> First off, there will be a small lip to keep it from falling in flat. This means that the hole is actually smaller than the manhole cover by an inch or more.
Exactly, and with a big enough lip/flange, ANY shape will work.
Not a square. The diagonal dimension of a square is sqrt(2) * the edge length, so roughly 1.414*edge length. So if you rotate the square cover 45 degrees, you can kick it right down the hole no problem. Sure you could have a cover that was several inches bigger than the lip, but assuming the lip is only going to be on the order of .5-3" and the cover is going to be around 24-36" wide, you can always rotate the square one ot fall down there.
Your flange is not "big enough". For an absurd example, consider a hole 3" to a side, and a flange 48' in width.
That said, I honestly meant this as a mathematical/rhetorical statement, not a practical one. So yes, you're correct that for any reasonable flange width (given the assumption we're talking about steel/iron manhole covers, and accepted values of the material's strength, etc.), some shapes wouldn't qualify.
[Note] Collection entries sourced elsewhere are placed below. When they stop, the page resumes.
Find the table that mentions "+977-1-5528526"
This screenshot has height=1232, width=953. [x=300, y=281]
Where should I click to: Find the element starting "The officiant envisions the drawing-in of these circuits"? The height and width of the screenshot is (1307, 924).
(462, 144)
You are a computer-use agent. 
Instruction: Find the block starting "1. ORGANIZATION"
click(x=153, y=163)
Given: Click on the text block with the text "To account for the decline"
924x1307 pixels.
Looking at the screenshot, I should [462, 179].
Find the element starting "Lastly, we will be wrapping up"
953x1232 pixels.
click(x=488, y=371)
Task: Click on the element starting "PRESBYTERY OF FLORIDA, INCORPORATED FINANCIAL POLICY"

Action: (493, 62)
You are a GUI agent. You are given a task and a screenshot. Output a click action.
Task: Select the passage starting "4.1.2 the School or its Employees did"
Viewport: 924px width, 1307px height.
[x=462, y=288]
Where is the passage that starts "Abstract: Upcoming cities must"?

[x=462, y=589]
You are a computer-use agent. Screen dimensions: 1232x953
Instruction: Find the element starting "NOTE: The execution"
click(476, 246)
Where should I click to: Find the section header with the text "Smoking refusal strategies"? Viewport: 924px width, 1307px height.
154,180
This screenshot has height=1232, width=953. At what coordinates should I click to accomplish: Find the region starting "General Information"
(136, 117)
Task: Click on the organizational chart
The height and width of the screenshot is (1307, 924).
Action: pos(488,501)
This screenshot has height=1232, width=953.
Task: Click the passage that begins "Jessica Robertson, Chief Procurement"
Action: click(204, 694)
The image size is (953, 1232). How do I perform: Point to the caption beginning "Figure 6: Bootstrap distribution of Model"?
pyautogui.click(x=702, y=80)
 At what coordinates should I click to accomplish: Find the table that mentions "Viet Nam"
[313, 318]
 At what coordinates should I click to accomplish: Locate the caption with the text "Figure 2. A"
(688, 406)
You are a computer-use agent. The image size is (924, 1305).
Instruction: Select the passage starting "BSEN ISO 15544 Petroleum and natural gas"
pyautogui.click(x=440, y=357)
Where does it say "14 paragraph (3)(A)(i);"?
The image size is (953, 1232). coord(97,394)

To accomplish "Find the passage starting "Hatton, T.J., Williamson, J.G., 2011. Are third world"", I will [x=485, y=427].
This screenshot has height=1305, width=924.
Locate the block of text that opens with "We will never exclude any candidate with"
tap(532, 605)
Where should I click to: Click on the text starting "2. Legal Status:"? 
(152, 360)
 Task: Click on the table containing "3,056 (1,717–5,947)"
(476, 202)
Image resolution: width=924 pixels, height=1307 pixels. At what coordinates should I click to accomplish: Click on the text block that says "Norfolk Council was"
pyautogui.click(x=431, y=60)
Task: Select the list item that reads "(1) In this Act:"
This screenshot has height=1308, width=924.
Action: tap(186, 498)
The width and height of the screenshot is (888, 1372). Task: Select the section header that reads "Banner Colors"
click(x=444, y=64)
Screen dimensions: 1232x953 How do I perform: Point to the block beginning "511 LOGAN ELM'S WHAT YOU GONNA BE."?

My point was to show that the question, taken at its face value, isn't even a good question. It assumes a flange, or no shape would work as a cover, as the cover would simply fall into its own hole. Thus, if we're to assume a flange (or a taper; it could be argued wine bottle stoppers and the holes they "cover" are both "circles"), we should be able to assume one of arbitrarily large size, and then ANY shape will work.
Exactly, and with a big enough lip/flange, ANY shape will work.